Alors certes, il est bon d’en reprendre l’analyse, de la peaufiner tout autant que de l’élargir, à la voix romanesque par exemple. Certes, il est bon de rappeler le consensus de Washington qui vit s’épanouir la dimension la plus ravageuse du capitalisme : le néolibéralisme. Mais pour en faire quoi ? Pour donner une fois de plus corps aux réponses d’invités «autorisés» ? «Célèbres» ? De Damasio à Nancy Huston, romanciers et savants sont convoqués.
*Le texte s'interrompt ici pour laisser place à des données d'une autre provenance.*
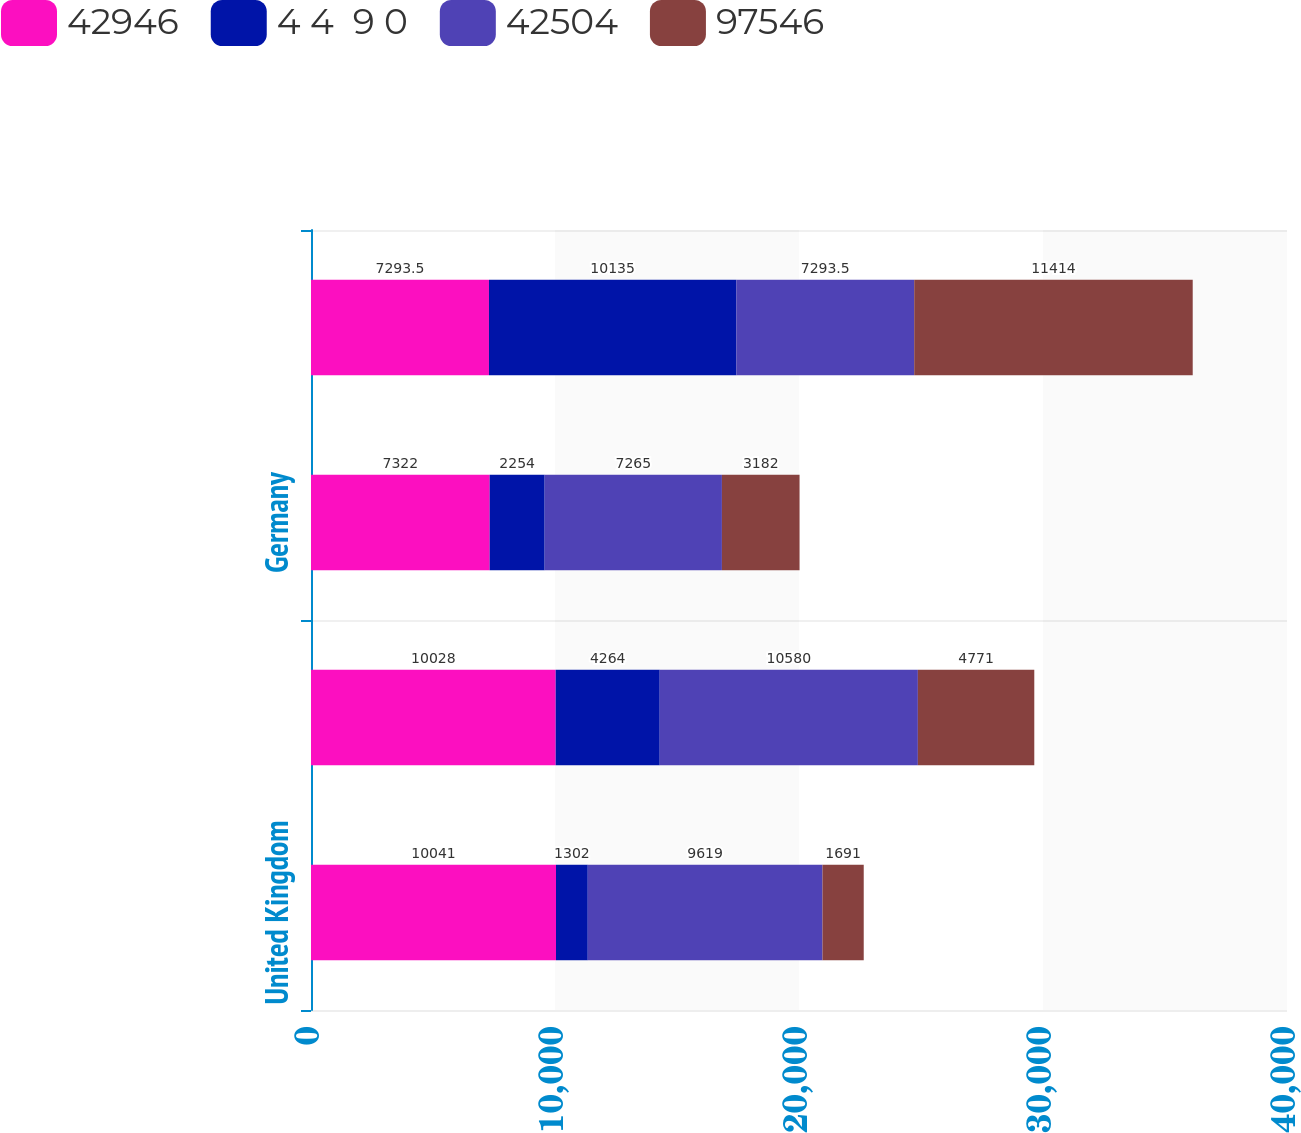Convert chart to OTSL. <chart><loc_0><loc_0><loc_500><loc_500><stacked_bar_chart><ecel><fcel>United Kingdom<fcel>Canada<fcel>Germany<fcel>All Other<nl><fcel>42946<fcel>10041<fcel>10028<fcel>7322<fcel>7293.5<nl><fcel>4 4  9 0<fcel>1302<fcel>4264<fcel>2254<fcel>10135<nl><fcel>42504<fcel>9619<fcel>10580<fcel>7265<fcel>7293.5<nl><fcel>97546<fcel>1691<fcel>4771<fcel>3182<fcel>11414<nl></chart> 
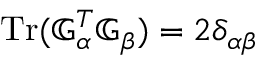Convert formula to latex. <formula><loc_0><loc_0><loc_500><loc_500>T r ( { \mathbb { G } } _ { \alpha } ^ { T } { \mathbb { G } } _ { \beta } ) = 2 \delta _ { \alpha \beta }</formula>

Est-ce vraiment la bonne démarche ? Depuis le Club de Rome, c’est en tout cas celle des intellectuels, qui ont confisqué toute parole sur ce sujet, pour continuer de tourner en rond. Certes, cette convocation des discours autorisés a pu, dans le passé, montrer quelque utilité : il s’agissait d’agiter les consciences. Mais aujourd’hui, encore une fois, cette conscience est là, majoritaire. Nous avons donc besoin d’autre chose que cette verticalité obligeante des élites. Un modèle que certains au demeurant, dans ce même ouvrage, dénoncent non sans en abuser eux-mêmes… Nous n’avons plus besoin de ce genre d’ouvrages paternalistes, nous n’avons plus besoin de ces vérités qui tombent d’en-haut, pour «conscientiser» le bon peuple abruti : nous n’en sommes plus là. Passons donc à autre chose : une enquête par exemple, immense, généralisée, de celle de La Misère du monde initiée en son temps par Bourdieu, capable de prendre à bras le corps les problèmes sociaux dans l’expression des voix opprimées. Pas ce travail éditorial paresseux, qui ne rime plus à rien ni n’avance à rien. Nous sommes tous «autorisés» à prendre part à la révolte qui devra se faire jour pour sortir de ce pétrin dans lequel les «élites» ont tenté de nous engourdir... Nous sommes tous l’autorité intellectuelle qui surplombe l’objet paresseux de votre étude lacunaire. Nous sommes le nombre et la justice, rien moins, les seules voix autorisées en fin de compte.

 

Aux origines de la catastrophe (écologique) – Pourquoi en sommes-nous arrivés là ?, sous la direction de Pablo Servigne et Raphaël Stevens, édition LLL – Imagine, novembre 2020, 17 euros, ean : 9781020908346.